# Bow stand placement



## Green Guppy (Sep 23, 2009)

Well today went to the lease and scouted the lease for bow stand placement. Well the area I scouted out had 2 scrapes and there were also 2 rubs. The thing is this is my first bow stand and also I just started learning to shoot a bow. The concern I have is that the area that I've decided to place my stand is not open enough or large enough to make it worth while. How large of a area is needed to consider the area a good bow stand placement?


----------



## devil1824 (Sep 4, 2010)

You can't see very far or it's too thick or fence lines are too close? I hunted in Wimberley on 12 acres of very thick woods. Had plenty of shooting opportunities.


----------



## wet dreams (May 21, 2004)

No need to see farther than you intend to shoot, underbrush is what will get you....WW


----------



## NitroNX898 (Apr 7, 2009)

Dude, You have all the knowledge you need at work. Just ask me or Mark and I am sure that we can go help you out  I am even willing to set in you stand for a day or two just to make sure you have plenty of room.


----------



## 10ERBETTER (Feb 24, 2008)

It's all personal preference. I like to see alot of area while on stand. I want to see the deer coming before they are right on top of me. I like to see them coming from at least 100 yards. That way I can be ready once they step into range. When i'm using a tree stand, I look for a tree that will allow me to get 15ft or higher. When I'm using a ground blind, I look for trails leading into the area and set up downwind from them.


----------



## wet dreams (May 21, 2004)

10ERBETTER said:


> It's all personal preference. I like to see alot of area while on stand. I want to see the deer coming before they are right on top of me. I like to see them coming from at least 100 yards. That way I can be ready once they step into range. When i'm using a tree stand, I look for a tree that will allow me to get 15ft or higher. When I'm using a ground blind, I look for trails leading into the area and set up downwind from them.

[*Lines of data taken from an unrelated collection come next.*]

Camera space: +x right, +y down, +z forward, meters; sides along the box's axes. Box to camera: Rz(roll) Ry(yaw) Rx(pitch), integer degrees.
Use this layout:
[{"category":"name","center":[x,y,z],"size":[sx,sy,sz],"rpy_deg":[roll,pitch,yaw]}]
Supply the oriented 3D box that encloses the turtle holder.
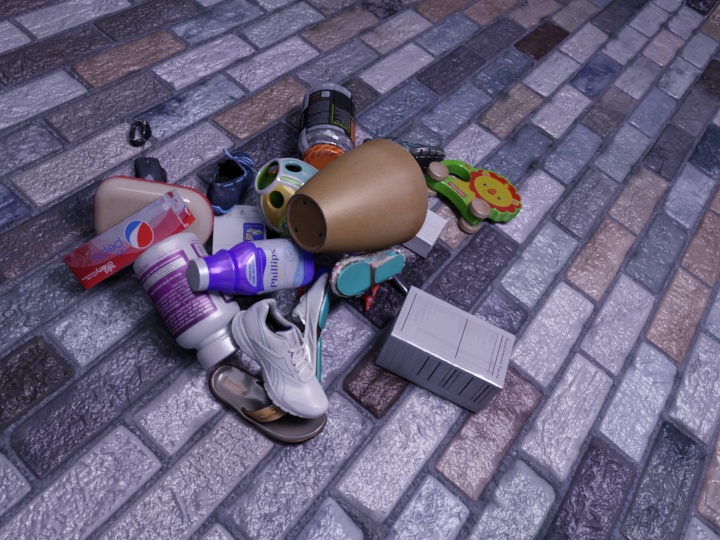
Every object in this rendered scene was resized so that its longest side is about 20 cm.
[{"category":"turtle holder","center":[-0.130,-0.119,1.017],"size":[0.132,0.140,0.187],"rpy_deg":[41,49,-39]}]

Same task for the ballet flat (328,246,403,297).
[{"category":"ballet flat","center":[0.000,0.000,0.974],"size":[0.063,0.077,0.199],"rpy_deg":[18,20,35]}]

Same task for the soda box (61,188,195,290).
[{"category":"soda box","center":[-0.370,-0.051,0.899],"size":[0.199,0.070,0.064],"rpy_deg":[-30,107,7]}]

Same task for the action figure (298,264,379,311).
[{"category":"action figure","center":[-0.075,0.024,1.000],"size":[0.198,0.066,0.099],"rpy_deg":[27,44,4]}]

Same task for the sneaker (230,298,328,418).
[{"category":"sneaker","center":[-0.112,0.133,0.833],"size":[0.201,0.087,0.074],"rpy_deg":[52,36,0]}]

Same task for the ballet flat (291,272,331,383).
[{"category":"ballet flat","center":[-0.088,0.099,0.920],"size":[0.069,0.069,0.203],"rpy_deg":[9,78,-10]}]

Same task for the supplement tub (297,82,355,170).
[{"category":"supplement tub","center":[-0.070,-0.289,1.184],"size":[0.121,0.123,0.202],"rpy_deg":[8,54,-10]}]

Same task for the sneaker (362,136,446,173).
[{"category":"sneaker","center":[0.097,-0.268,1.246],"size":[0.197,0.076,0.080],"rpy_deg":[-4,55,-18]}]

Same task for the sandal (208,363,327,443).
[{"category":"sandal","center":[-0.145,0.199,0.867],"size":[0.199,0.055,0.082],"rpy_deg":[30,54,6]}]

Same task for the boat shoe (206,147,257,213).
[{"category":"boat shoe","center":[-0.242,-0.186,1.074],"size":[0.083,0.069,0.201],"rpy_deg":[6,38,-7]}]

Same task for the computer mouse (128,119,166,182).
[{"category":"computer mouse","center":[-0.422,-0.231,1.100],"size":[0.058,0.034,0.202],"rpy_deg":[-11,60,-21]}]

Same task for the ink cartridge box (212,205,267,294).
[{"category":"ink cartridge box","center":[-0.220,-0.032,1.016],"size":[0.098,0.039,0.202],"rpy_deg":[2,54,-14]}]

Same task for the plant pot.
[{"category":"plant pot","center":[-0.019,-0.102,0.911],"size":[0.186,0.187,0.199],"rpy_deg":[45,44,17]}]

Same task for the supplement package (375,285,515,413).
[{"category":"supplement package","center":[0.144,0.137,0.957],"size":[0.198,0.110,0.114],"rpy_deg":[26,53,4]}]

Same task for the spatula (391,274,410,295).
[{"category":"spatula","center":[0.031,-0.019,1.089],"size":[0.200,0.021,0.056],"rpy_deg":[44,55,15]}]

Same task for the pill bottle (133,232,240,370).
[{"category":"pill bottle","center":[-0.261,0.051,0.883],"size":[0.112,0.112,0.201],"rpy_deg":[-30,87,-31]}]

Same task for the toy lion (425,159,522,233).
[{"category":"toy lion","center":[0.258,-0.178,1.244],"size":[0.200,0.069,0.191],"rpy_deg":[45,49,16]}]

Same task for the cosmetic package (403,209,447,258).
[{"category":"cosmetic package","center":[0.071,-0.114,1.147],"size":[0.199,0.051,0.083],"rpy_deg":[32,52,8]}]

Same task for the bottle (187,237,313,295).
[{"category":"bottle","center":[-0.167,-0.005,0.868],"size":[0.198,0.065,0.085],"rpy_deg":[-8,101,-40]}]

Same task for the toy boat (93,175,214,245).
[{"category":"toy boat","center":[-0.360,-0.104,0.992],"size":[0.197,0.132,0.131],"rpy_deg":[9,24,-9]}]
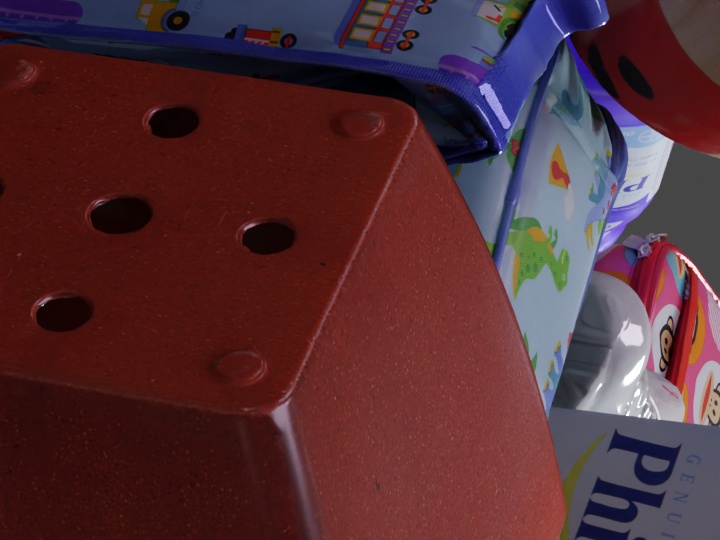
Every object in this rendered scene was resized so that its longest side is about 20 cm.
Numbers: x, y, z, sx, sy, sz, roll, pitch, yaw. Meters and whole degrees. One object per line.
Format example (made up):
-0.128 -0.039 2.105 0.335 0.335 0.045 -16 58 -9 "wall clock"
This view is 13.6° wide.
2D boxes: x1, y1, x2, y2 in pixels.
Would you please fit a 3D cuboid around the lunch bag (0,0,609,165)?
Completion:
-0.012 -0.091 1.016 0.151 0.199 0.094 -61 141 -49 "lunch bag"

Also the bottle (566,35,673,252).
0.096 -0.056 1.350 0.200 0.083 0.066 100 -5 -63 "bottle"

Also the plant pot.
-0.061 0.050 0.851 0.200 0.199 0.177 -65 158 -47 "plant pot"

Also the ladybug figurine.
0.120 -0.105 1.062 0.200 0.072 0.136 165 -76 -78 "ladybug figurine"

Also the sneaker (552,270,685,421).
0.096 0.049 1.279 0.200 0.099 0.078 122 -41 -64 "sneaker"

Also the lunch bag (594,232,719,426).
0.121 0.087 1.458 0.176 0.082 0.201 49 49 -50 "lunch bag"

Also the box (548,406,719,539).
0.063 0.147 1.156 0.184 0.199 0.105 -65 155 -46 "box"

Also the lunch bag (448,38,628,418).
0.000 0.000 1.088 0.083 0.160 0.201 54 43 -46 "lunch bag"
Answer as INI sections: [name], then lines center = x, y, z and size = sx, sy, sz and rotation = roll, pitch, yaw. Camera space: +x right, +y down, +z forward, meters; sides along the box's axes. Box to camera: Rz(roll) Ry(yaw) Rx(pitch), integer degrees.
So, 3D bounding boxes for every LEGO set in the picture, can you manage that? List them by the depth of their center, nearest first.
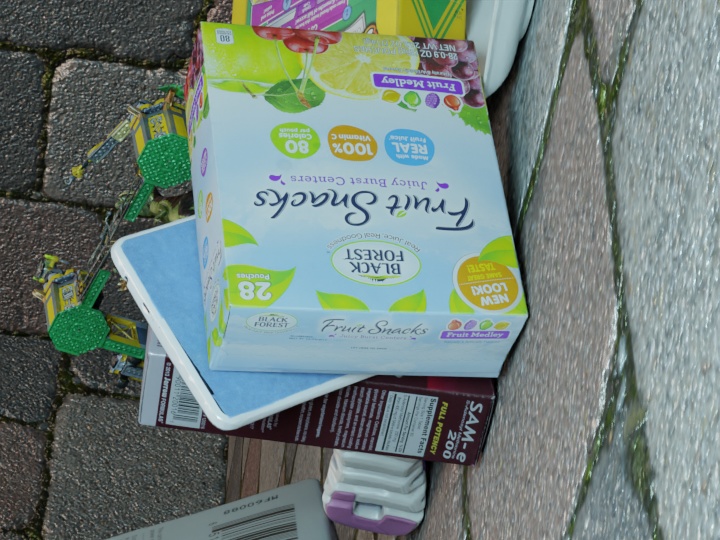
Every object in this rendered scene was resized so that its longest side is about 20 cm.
[LEGO set]
center = -0.116, -0.035, 1.369
size = 0.116, 0.153, 0.201
rotation = -109, 36, -52

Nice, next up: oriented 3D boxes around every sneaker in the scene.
[sneaker]
center = 0.020, 0.088, 1.434
size = 0.201, 0.080, 0.089
rotation = 103, 179, -54

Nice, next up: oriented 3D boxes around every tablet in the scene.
[tablet]
center = -0.030, 0.009, 1.242
size = 0.131, 0.199, 0.014
rotation = 56, 143, 21

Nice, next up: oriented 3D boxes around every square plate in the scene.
[square plate]
center = 0.092, -0.229, 1.317
size = 0.199, 0.028, 0.201
rotation = -94, 12, -58

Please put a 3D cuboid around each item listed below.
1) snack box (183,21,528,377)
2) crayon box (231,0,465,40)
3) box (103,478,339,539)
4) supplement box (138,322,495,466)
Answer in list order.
[snack box]
center = -0.007, -0.041, 1.230
size = 0.068, 0.167, 0.201
rotation = 112, 155, -52
[crayon box]
center = -0.010, -0.175, 1.424
size = 0.199, 0.058, 0.174
rotation = -21, 62, 52
[box]
center = -0.091, 0.274, 1.476
size = 0.199, 0.198, 0.173
rotation = -106, -2, -73
[supplement box]
center = -0.025, 0.045, 1.282
size = 0.109, 0.198, 0.061
rotation = -90, 10, -49
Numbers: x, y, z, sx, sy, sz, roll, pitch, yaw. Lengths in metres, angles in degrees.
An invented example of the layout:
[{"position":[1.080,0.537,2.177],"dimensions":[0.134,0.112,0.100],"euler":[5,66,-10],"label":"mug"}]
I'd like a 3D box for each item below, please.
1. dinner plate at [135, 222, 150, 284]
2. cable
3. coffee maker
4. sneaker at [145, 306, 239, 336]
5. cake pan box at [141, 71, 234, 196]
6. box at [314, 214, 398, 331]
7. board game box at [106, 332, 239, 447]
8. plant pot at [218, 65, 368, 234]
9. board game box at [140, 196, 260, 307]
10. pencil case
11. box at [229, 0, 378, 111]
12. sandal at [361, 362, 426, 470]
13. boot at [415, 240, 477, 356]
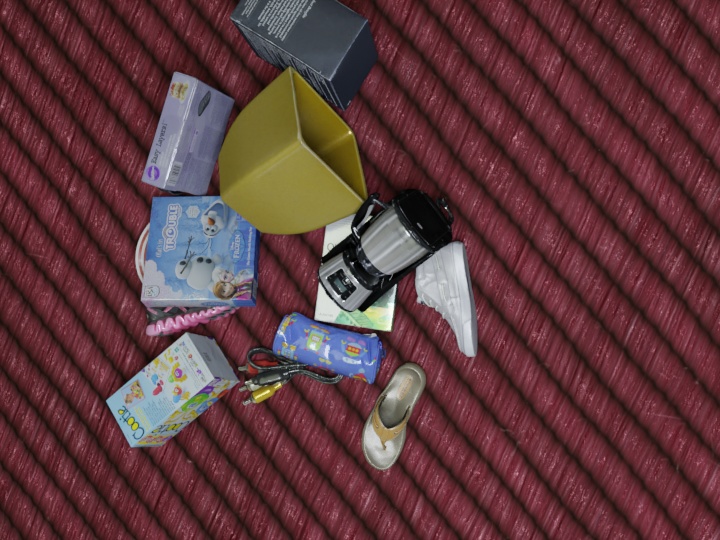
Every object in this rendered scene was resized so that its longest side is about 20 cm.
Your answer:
[{"position":[-0.311,-0.030,1.534],"dimensions":[0.198,0.024,0.202],"euler":[-1,71,4],"label":"dinner plate"},{"position":[-0.130,0.181,1.539],"dimensions":[0.198,0.050,0.098],"euler":[-11,73,-2],"label":"cable"},{"position":[0.048,-0.029,1.404],"dimensions":[0.200,0.191,0.135],"euler":[-38,66,28],"label":"coffee maker"},{"position":[-0.310,0.055,1.543],"dimensions":[0.198,0.079,0.096],"euler":[-17,78,9],"label":"sneaker"},{"position":[-0.297,-0.228,1.468],"dimensions":[0.052,0.184,0.202],"euler":[19,96,12],"label":"cake pan box"},{"position":[0.000,0.000,1.501],"dimensions":[0.143,0.036,0.202],"euler":[7,94,9],"label":"box"},{"position":[-0.338,0.218,1.523],"dimensions":[0.200,0.103,0.105],"euler":[-39,70,9],"label":"board game box"},{"position":[-0.129,-0.174,1.414],"dimensions":[0.199,0.194,0.197],"euler":[-30,46,20],"label":"plant pot"},{"position":[-0.281,-0.035,1.499],"dimensions":[0.197,0.043,0.202],"euler":[-1,69,5],"label":"board game box"},{"position":[-0.054,0.134,1.486],"dimensions":[0.198,0.078,0.088],"euler":[16,84,4],"label":"pencil case"},{"position":[-0.086,-0.390,1.414],"dimensions":[0.198,0.200,0.124],"euler":[34,91,6],"label":"box"},{"position":[0.056,0.259,1.491],"dimensions":[0.080,0.054,0.201],"euler":[24,96,8],"label":"sandal"},{"position":[0.147,0.054,1.467],"dimensions":[0.095,0.074,0.202],"euler":[-9,82,16],"label":"boot"}]
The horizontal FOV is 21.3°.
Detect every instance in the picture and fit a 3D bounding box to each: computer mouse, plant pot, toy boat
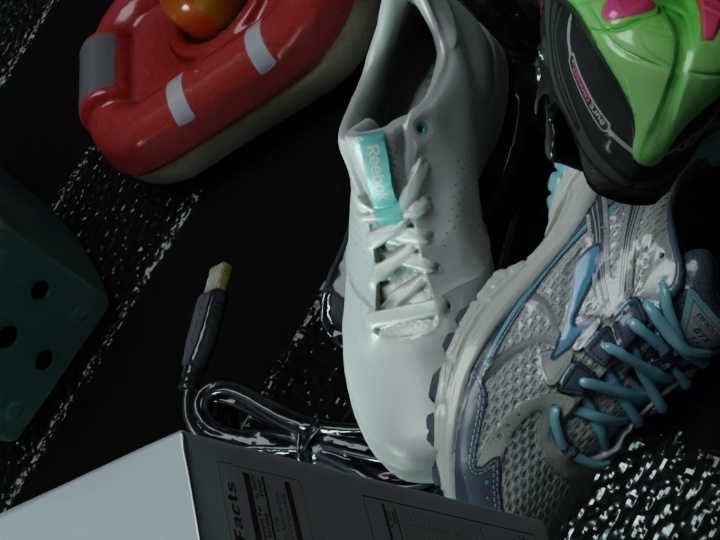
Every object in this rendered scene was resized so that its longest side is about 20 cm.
[{"bbox_3d":[0.000,0.000,0.831,0.139,0.046,0.202,6,73,26],"label":"computer mouse"},{"bbox_3d":[-0.235,-0.003,1.009,0.199,0.141,0.142,31,84,43],"label":"plant pot"},{"bbox_3d":[-0.081,-0.145,0.965,0.199,0.131,0.131,-30,44,24],"label":"toy boat"}]

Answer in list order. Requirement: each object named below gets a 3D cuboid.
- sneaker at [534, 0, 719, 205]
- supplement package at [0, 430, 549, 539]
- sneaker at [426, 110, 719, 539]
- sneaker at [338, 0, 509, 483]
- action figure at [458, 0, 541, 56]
[{"bbox_3d":[0.087,-0.083,0.701,0.200,0.076,0.085,-83,9,-68],"label":"sneaker"},{"bbox_3d":[-0.035,0.159,0.605,0.151,0.199,0.152,-25,63,28],"label":"supplement package"},{"bbox_3d":[0.094,0.019,0.713,0.086,0.078,0.201,10,68,44],"label":"sneaker"},{"bbox_3d":[0.017,-0.021,0.754,0.074,0.088,0.202,-6,69,18],"label":"sneaker"},{"bbox_3d":[0.116,-0.190,0.859,0.201,0.069,0.130,-55,30,-10],"label":"action figure"}]
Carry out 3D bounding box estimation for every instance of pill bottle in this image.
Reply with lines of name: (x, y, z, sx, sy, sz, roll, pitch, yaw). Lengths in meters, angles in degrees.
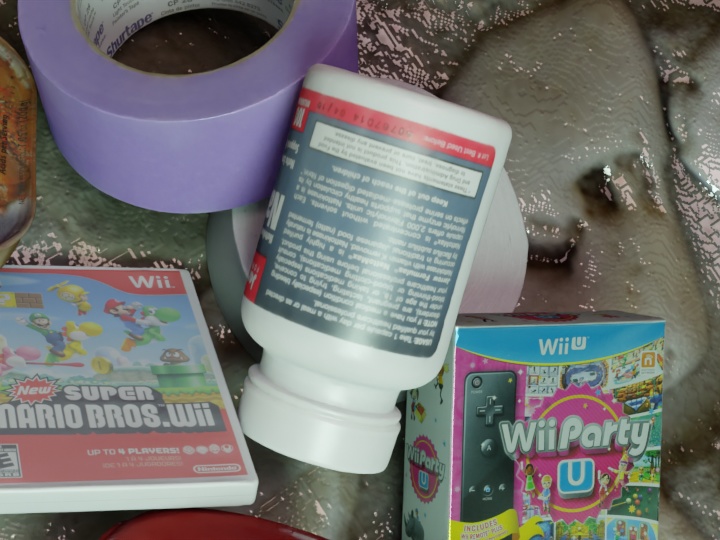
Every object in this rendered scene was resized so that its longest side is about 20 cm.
pill bottle: (0.000, 0.000, 0.789, 0.118, 0.120, 0.202, 15, 96, -15)

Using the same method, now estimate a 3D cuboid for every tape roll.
tape roll: (0.005, -0.019, 0.920, 0.198, 0.066, 0.203, 7, 70, -19)
tape roll: (-0.100, -0.139, 0.868, 0.197, 0.085, 0.202, -1, 55, 1)

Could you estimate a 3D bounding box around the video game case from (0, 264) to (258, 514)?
video game case: (-0.145, 0.058, 0.794, 0.141, 0.018, 0.201, 1, 32, -20)

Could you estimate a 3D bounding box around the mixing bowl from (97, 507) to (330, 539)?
mixing bowl: (-0.103, 0.198, 0.744, 0.108, 0.201, 0.201, 31, 62, 9)

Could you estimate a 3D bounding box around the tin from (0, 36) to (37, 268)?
tin: (-0.242, -0.074, 0.816, 0.111, 0.042, 0.202, 21, 39, -30)

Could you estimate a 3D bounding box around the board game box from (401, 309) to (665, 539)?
board game box: (0.103, 0.127, 0.868, 0.146, 0.064, 0.203, -1, 94, -23)
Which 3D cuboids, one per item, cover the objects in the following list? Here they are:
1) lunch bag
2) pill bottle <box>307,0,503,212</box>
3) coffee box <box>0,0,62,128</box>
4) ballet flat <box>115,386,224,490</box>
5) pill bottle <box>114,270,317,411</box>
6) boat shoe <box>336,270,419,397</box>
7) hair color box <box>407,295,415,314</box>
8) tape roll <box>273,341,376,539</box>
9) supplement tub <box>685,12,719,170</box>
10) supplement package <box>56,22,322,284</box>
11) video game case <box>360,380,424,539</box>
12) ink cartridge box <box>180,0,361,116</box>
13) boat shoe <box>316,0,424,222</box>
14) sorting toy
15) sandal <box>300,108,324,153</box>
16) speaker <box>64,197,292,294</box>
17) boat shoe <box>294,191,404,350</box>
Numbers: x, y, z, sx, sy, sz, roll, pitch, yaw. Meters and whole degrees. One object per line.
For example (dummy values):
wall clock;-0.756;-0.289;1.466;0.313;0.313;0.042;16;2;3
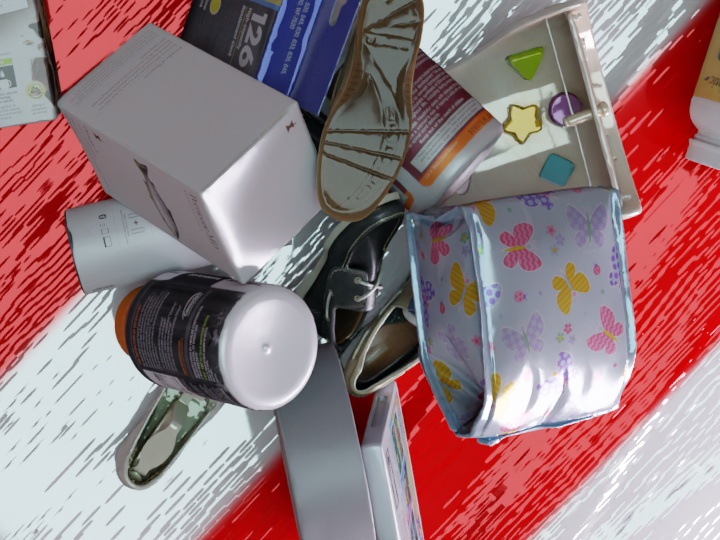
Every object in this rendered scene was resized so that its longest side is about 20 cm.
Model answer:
lunch bag;0.137;0.037;1.300;0.168;0.127;0.202;-9;91;-28
pill bottle;0.020;-0.151;1.348;0.200;0.114;0.114;43;93;4
coffee box;-0.313;-0.228;1.304;0.079;0.113;0.202;-10;103;-6
ballet flat;-0.162;0.125;1.419;0.069;0.069;0.201;33;95;-13
pill bottle;-0.136;0.056;1.322;0.105;0.199;0.108;-5;98;-40
boat shoe;0.058;0.045;1.434;0.075;0.068;0.200;42;93;-14
hair color box;0.150;0.031;1.411;0.199;0.060;0.101;26;79;-27
tape roll;-0.037;0.169;1.377;0.065;0.200;0.203;-12;102;-6
supplement tub;0.388;-0.181;1.398;0.143;0.145;0.202;15;98;-11
supplement package;-0.139;-0.102;1.284;0.117;0.199;0.117;-44;141;-20
video game case;0.034;0.225;1.408;0.023;0.182;0.202;-9;102;7
ink cartridge box;-0.069;-0.252;1.295;0.047;0.200;0.200;15;99;-37
boat shoe;0.011;-0.138;1.261;0.071;0.065;0.202;16;90;-5
sorting toy;0.145;-0.133;1.402;0.178;0.107;0.202;-15;102;8
sandal;-0.063;-0.123;1.340;0.043;0.199;0.077;-38;148;-29
speaker;-0.163;-0.040;1.379;0.198;0.081;0.082;-14;103;-6
boat shoe;0.000;0.000;1.361;0.071;0.200;0.068;-22;68;-33
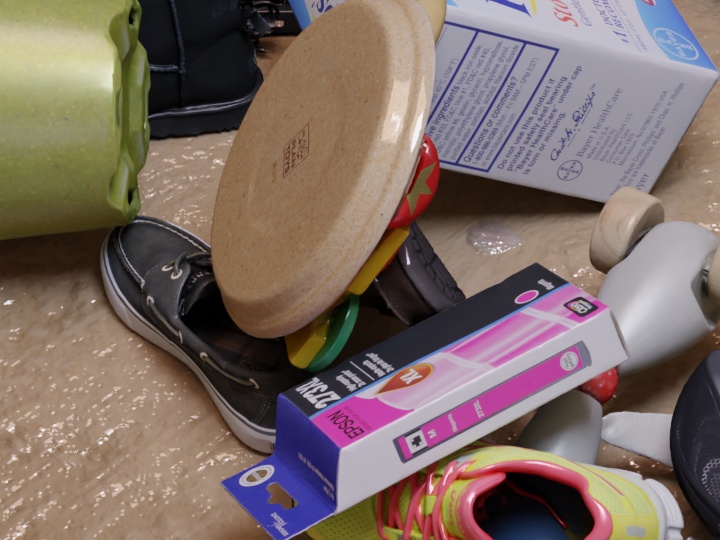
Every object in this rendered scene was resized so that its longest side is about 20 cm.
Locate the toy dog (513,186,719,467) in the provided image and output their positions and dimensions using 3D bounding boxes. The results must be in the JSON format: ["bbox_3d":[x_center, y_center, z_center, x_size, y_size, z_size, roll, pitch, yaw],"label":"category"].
[{"bbox_3d":[0.142,0.048,1.518,0.200,0.096,0.132,-37,53,-13],"label":"toy dog"}]

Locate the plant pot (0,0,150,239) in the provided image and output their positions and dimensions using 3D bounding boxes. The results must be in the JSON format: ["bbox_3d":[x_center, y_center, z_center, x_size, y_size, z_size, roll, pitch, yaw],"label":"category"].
[{"bbox_3d":[-0.215,-0.091,1.597,0.184,0.201,0.201,1,42,4],"label":"plant pot"}]

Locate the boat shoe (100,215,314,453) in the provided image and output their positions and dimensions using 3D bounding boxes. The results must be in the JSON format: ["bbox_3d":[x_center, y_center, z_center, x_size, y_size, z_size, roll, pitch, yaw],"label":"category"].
[{"bbox_3d":[-0.081,0.021,1.568,0.069,0.057,0.200,-25,46,-22],"label":"boat shoe"}]

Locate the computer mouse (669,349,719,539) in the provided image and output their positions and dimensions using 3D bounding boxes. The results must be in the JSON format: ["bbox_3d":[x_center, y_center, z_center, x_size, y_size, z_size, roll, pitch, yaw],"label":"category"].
[{"bbox_3d":[0.190,0.120,1.415,0.053,0.138,0.200,-36,32,22],"label":"computer mouse"}]

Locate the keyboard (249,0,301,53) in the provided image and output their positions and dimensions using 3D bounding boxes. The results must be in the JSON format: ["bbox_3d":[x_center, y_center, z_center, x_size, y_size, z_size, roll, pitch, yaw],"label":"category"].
[{"bbox_3d":[-0.079,-0.179,1.804,0.200,0.040,0.104,-1,41,5],"label":"keyboard"}]

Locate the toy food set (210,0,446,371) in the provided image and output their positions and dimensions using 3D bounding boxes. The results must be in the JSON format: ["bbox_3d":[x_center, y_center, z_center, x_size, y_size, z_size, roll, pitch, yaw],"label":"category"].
[{"bbox_3d":[-0.015,-0.053,1.479,0.049,0.198,0.200,24,29,-26],"label":"toy food set"}]

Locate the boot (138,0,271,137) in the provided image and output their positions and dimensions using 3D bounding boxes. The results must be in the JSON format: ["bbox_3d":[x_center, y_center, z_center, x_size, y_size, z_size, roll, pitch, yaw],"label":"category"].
[{"bbox_3d":[-0.146,-0.153,1.687,0.198,0.163,0.073,-8,41,-5],"label":"boot"}]

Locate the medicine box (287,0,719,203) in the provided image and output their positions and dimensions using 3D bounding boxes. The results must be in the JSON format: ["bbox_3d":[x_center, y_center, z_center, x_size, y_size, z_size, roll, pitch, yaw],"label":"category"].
[{"bbox_3d":[0.074,-0.144,1.649,0.200,0.103,0.182,11,34,-30],"label":"medicine box"}]

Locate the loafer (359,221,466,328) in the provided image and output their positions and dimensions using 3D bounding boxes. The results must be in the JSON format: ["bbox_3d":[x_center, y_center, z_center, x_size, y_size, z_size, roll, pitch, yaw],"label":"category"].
[{"bbox_3d":[0.000,0.000,1.551,0.071,0.073,0.200,-35,15,-5],"label":"loafer"}]

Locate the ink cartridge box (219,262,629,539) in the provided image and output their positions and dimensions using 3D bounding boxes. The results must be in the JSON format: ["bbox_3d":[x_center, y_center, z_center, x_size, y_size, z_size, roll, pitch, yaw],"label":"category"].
[{"bbox_3d":[0.027,0.063,1.421,0.200,0.037,0.095,-29,23,-11],"label":"ink cartridge box"}]

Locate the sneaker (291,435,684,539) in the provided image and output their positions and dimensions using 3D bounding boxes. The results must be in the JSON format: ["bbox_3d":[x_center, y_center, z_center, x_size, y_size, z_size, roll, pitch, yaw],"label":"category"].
[{"bbox_3d":[0.052,0.113,1.402,0.200,0.090,0.078,1,84,24],"label":"sneaker"}]

My stand locations won't let you see a deer that far away especially up 20-25', if I can't get any higher than 15' I'll look for another tree, but as you say its personal preference. Another thing I do is position stand E or W of feeder or trail so as the wind won't get you UNLESS you have one set up both N or S depending on wind, along with you can place a stand that will make deer look into the sun. On my best stand location I have 2 climbers and the wind n sun dictates which one I'll be in....WW


----------



## Green Guppy (Sep 23, 2009)

Thank you guys for the advise I will try to utilize it all if possible. @ Wil I don't think there's enough room in my stand for both of us. Lol


----------